Reconciliation Ritual

We humans have many different ways of dealing with difficult situations. In the family, with (former?) friends in relationships. Some things often get in the way: e.g. our own feelings.

by Olaf Zanger, April 2, 2022

Reconcile? With whom?

The reconciliation ritual is to cleanse one's emotional and mental world alone (without the presence of the person concerned). The goal is to be able to meet the currently negatively connected person in the future life without the burden of negative, old feelings and thoughts. This is not limited to the real world, but also applies to deceased parents or to people whom one no longer wants to see.

Background

We present here the ritual of reconciliation from the book, linked below, "Zueinander Finden". This is intentionally very concrete. The goal is to see that quite a big effect comes from something quite simple. For those who are not comfortable with so little information, we highly recommend purchasing the book and combing through it. You will find many more great approaches in it.

The ritual itself

Preparation

  • Organize one of the most beautiful photos of the (negatively) connected person you can find.

  • Go to a place where you can be undisturbed for 75 minutes.

  • If you do not want to lie on the floor during the prostration, organize a yoga mat. Otherwise, sweep the floor before the prostration.

Strength Gathering 10"

These minutes are used to strengthen yourself for the next good class. That is, to gain enough energy to actually do the difficult emotional work with yourself.

  • Breathe quickly.

  • Move your arms bent to support your breathing. Your fists are clenched.

Let bad feelings out 15"

  • Be really bad. Be the overemotional, totally selfish drama queen in your reconciliation theater.

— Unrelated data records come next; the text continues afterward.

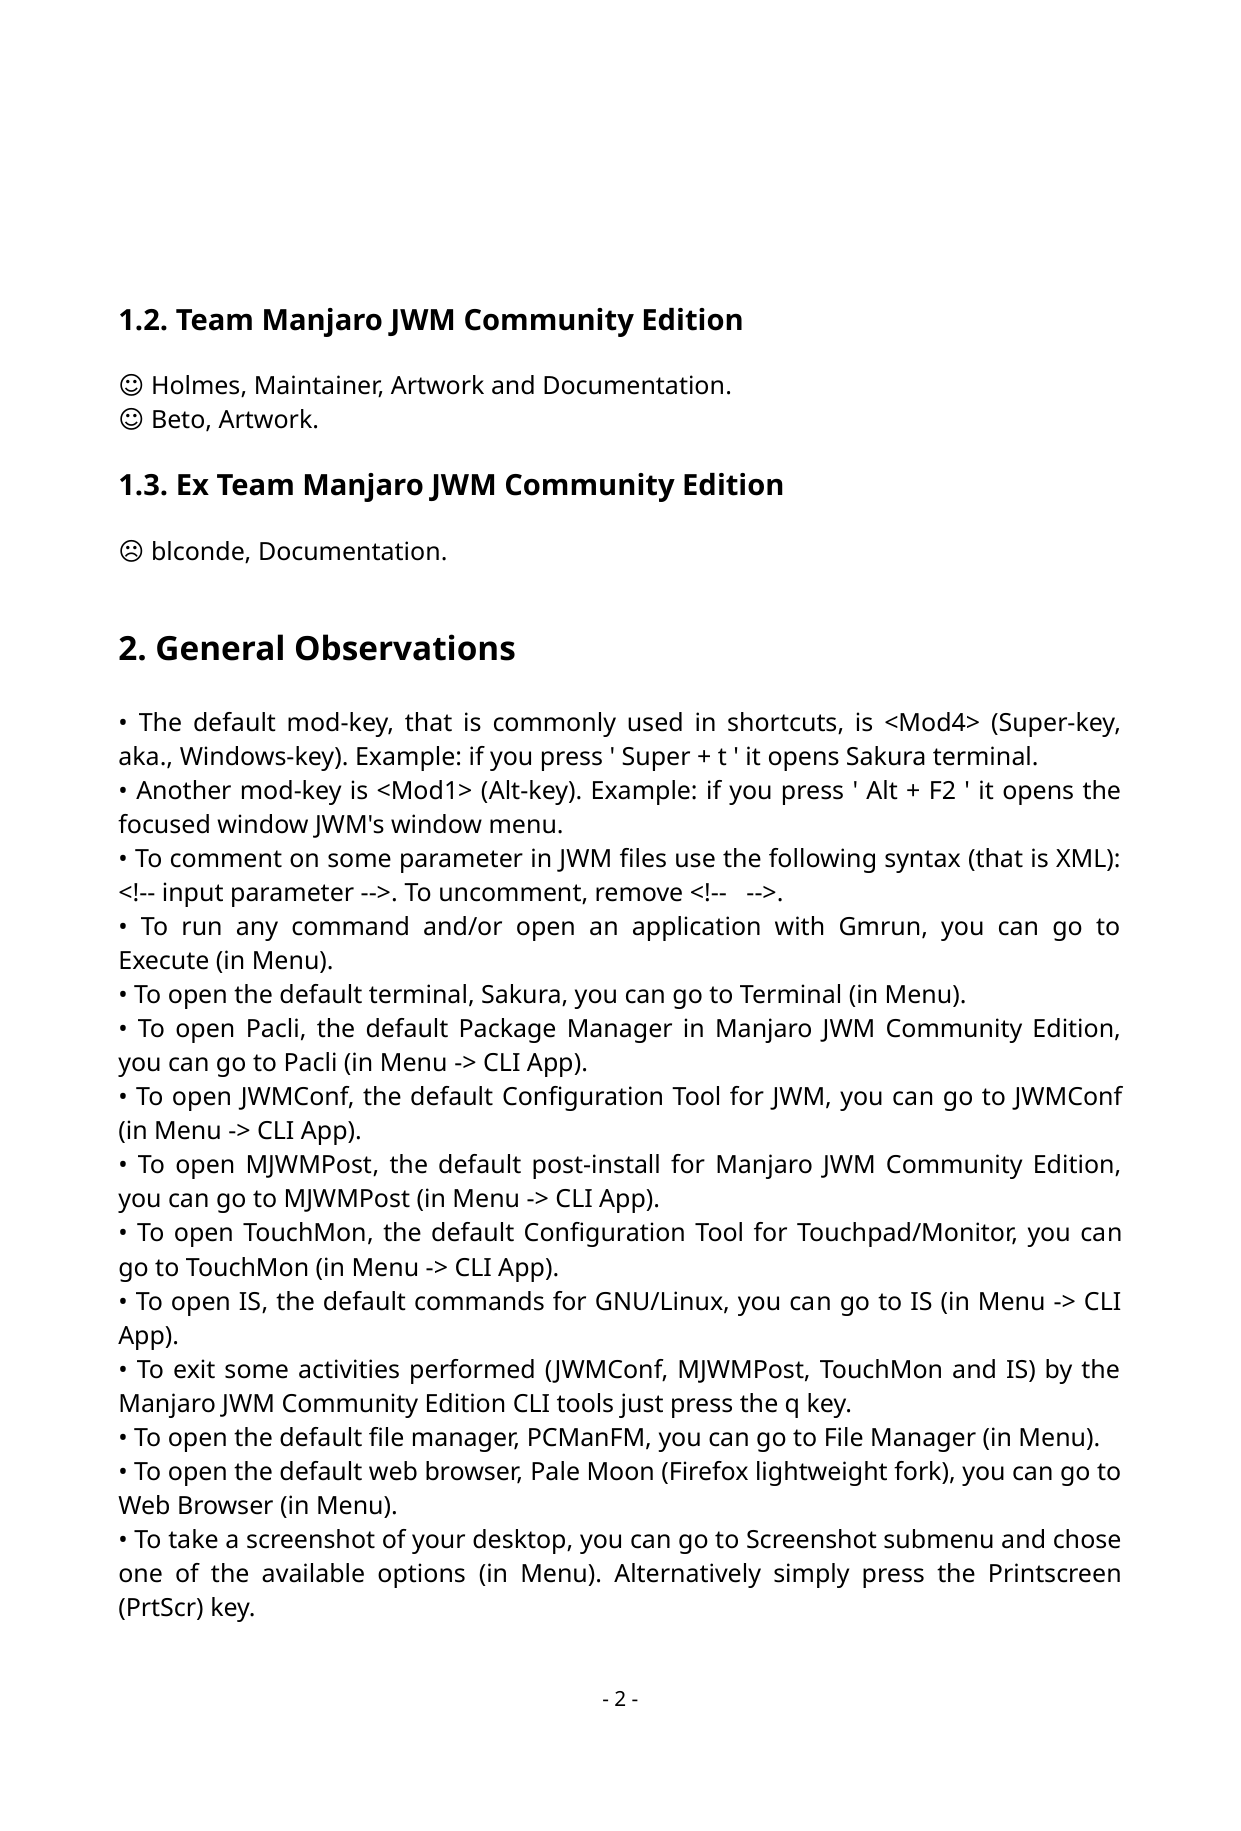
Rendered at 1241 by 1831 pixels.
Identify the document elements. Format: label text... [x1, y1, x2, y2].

text ☺ Holmes, Maintainer, Artwork and Documentation. [118, 368, 1122, 402]
text • To open the default file manager, PCManFM, you can go to File Manager (in Menu). [118, 1419, 1122, 1453]
text • To comment on some parameter in JWM files use the following syntax (that is XML): <!-- input parameter -->. To uncomment, remove <!-- -->. [118, 840, 1122, 908]
text • To open Pacli, the default Package Manager in Manjaro JWM Community Edition, you can go to Pacli (in Menu -> CLI App). [118, 1011, 1122, 1079]
text • To open JWMConf, the default Configuration Tool for JWM, you can go to JWMConf (in Menu -> CLI App). [118, 1079, 1122, 1147]
text • To open TouchMon, the default Configuration Tool for Touchpad/Monitor, you can go to TouchMon (in Menu -> CLI App). [118, 1215, 1122, 1283]
text • Another mod-key is <Mod1> (Alt-key). Example: if you press ' Alt + F2 ' it opens the focused window JWM's window menu. [118, 772, 1122, 840]
text ☹ blconde, Documentation. [118, 533, 1122, 567]
subtitle 1.3. Ex Team Manjaro JWM Community Edition [118, 465, 1122, 504]
text • To exit some activities performed (JWMConf, MJWMPost, TouchMon and IS) by the Manjaro JWM Community Edition CLI tools just press the q key. [118, 1351, 1122, 1419]
text ☺ Beto, Artwork. [118, 402, 1122, 436]
text • The default mod-key, that is commonly used in shortcuts, is <Mod4> (Super-key, aka., Windows-key). Example: if you press ' Super + t ' it opens Sakura terminal. [118, 704, 1122, 772]
text • To take a screenshot of your desktop, you can go to Screenshot submenu and chose one of the available options (in Menu). Alternatively simply press the Printscreen (PrtScr) key. [118, 1522, 1122, 1624]
text • To open MJWMPost, the default post-install for Manjaro JWM Community Edition, you can go to MJWMPost (in Menu -> CLI App). [118, 1147, 1122, 1215]
text • To open the default web browser, Pale Moon (Firefox lightweight fork), you can go to Web Browser (in Menu). [118, 1453, 1122, 1522]
text • To open the default terminal, Sakura, you can go to Terminal (in Menu). [118, 977, 1122, 1011]
text • To run any command and/or open an application with Gmrun, you can go to Execute (in Menu). [118, 908, 1122, 977]
subtitle 2. General Observations [118, 625, 1122, 670]
text • To open IS, the default commands for GNU/Linux, you can go to IS (in Menu -> CLI App). [118, 1283, 1122, 1351]
subtitle 1.2. Team Manjaro JWM Community Edition [118, 299, 1122, 339]
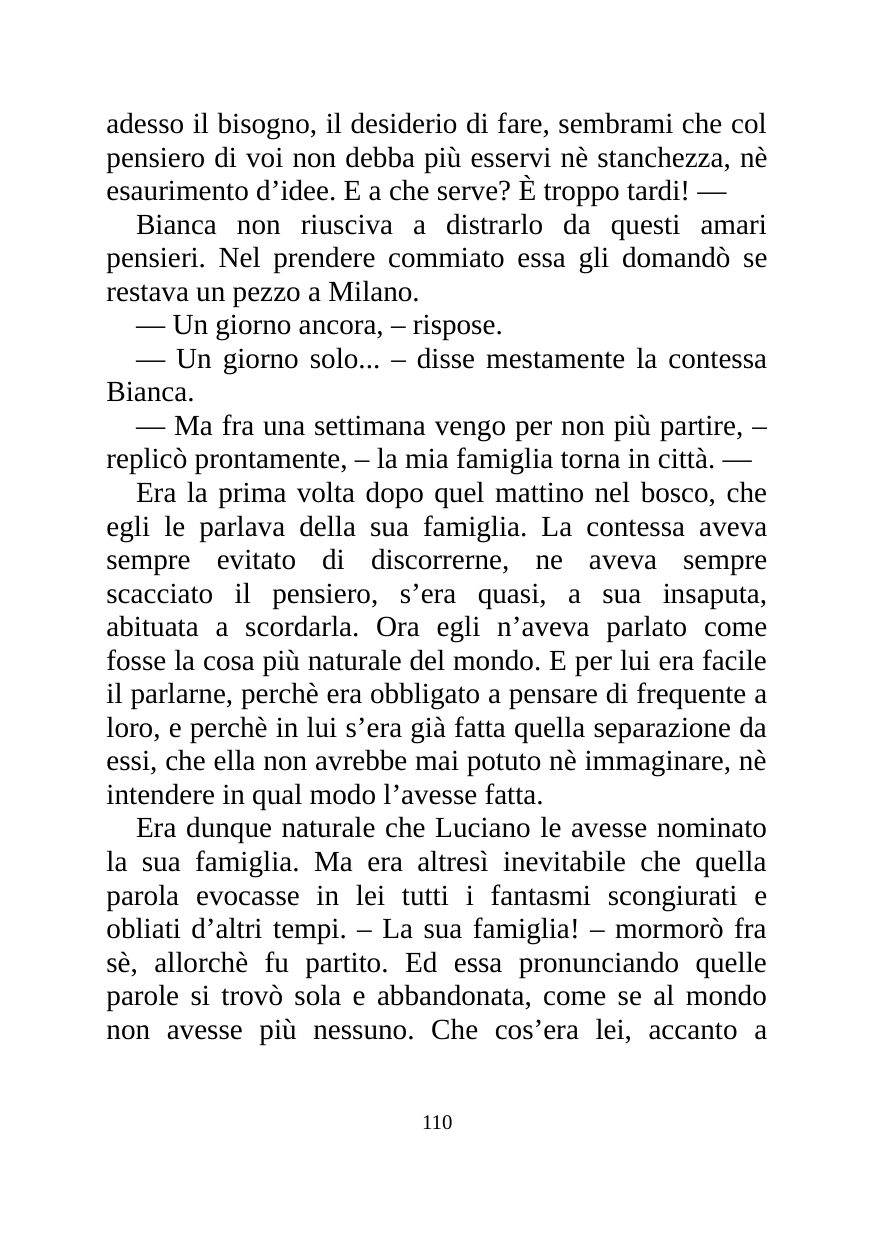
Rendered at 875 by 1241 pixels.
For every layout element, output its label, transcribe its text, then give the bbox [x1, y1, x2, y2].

text — Ma fra una settimana vengo per non più partire, – replicò prontamente, – la mia famiglia torna in città. — [106, 408, 768, 475]
text — Un giorno ancora, – rispose. [106, 307, 768, 341]
text Era la prima volta dopo quel mattino nel bosco, che egli le parlava della sua famiglia. La contessa aveva sempre evitato di discorrerne, ne aveva sempre scacciato il pensiero, s’era quasi, a sua insaputa, abituata a scordarla. Ora egli n’aveva parlato come fosse la cosa più naturale del mondo. E per lui era facile il parlarne, perchè era obbligato a pensare di frequente a loro, e perchè in lui s’era già fatta quella separazione da essi, che ella non avrebbe mai potuto nè immaginare, nè intendere in qual modo l’avesse fatta. [106, 475, 768, 811]
text — Un giorno solo... – disse mestamente la contessa Bianca. [106, 341, 768, 408]
text adesso il bisogno, il desiderio di fare, sembrami che col pensiero di voi non debba più esservi nè stanchezza, nè esaurimento d’idee. E a che serve? È troppo tardi! — [106, 106, 768, 207]
text Era dunque naturale che Luciano le avesse nominato la sua famiglia. Ma era altresì inevitabile che quella parola evocasse in lei tutti i fantasmi scongiurati e obliati d’altri tempi. – La sua famiglia! – mormorò fra sè, allorchè fu partito. Ed essa pronunciando quelle parole si trovò sola e abbandonata, come se al mondo non avesse più nessuno. Che cos’era lei, accanto a [106, 811, 768, 1045]
text Bianca non riusciva a distrarlo da questi amari pensieri. Nel prendere commiato essa gli domandò se restava un pezzo a Milano. [106, 207, 768, 307]

  • Yell, punch, kick at the image of the person you are trying to reconcile.

  • Say, for example, "I hate you for xy."

  • And detail your feelings from that time. Confront the opponent with the consequences of his behavior.

Earth 5" again.

  • Breathe slowly and deeply.

  • Turn 360 degrees.

  • Visualize how much water has flowed down the river since then.

  • Now become aware of your own part.

  • Say 3 times, "I'm sorry if I hurt you."

Love and Appreciation 15"

  • Stand in namasté in front of the picture.

  • Remind yourself of all that is good.

  • Then become aware that perhaps the other person was simply acting from a different (world) view or reality. Maybe all your own assumptions about the other person are not true?

  • Go into the feelings of "gratitude" and "appreciation".

  • Go into the most beautiful image of the other you ever had. Maybe the image you had at the beginning of the relationship with the person.

  • Say a simple positive emotional sentence that you really mean. Follow each sentence with a prostration in 3 steps:

    • Kneel down with your hands in "Namasté."

    • Bend forward, head on the floor, hands forward on the floor in namasté.

    • Lie down on the floor with hands extended far forward in namasté.

    • Pause a little.

    • Stand up.

    • Repeat with the next emotional set. Do the whole thing for at least 4 sets. More helps more.

Make confession 10"

  • Now tell the picture all the mistakes you yourself have made. Everything that could have hurt the other person.

  • For example, everything that you have concealed, withheld from the other person, denied.

  • If you are really sorry, say it out loud.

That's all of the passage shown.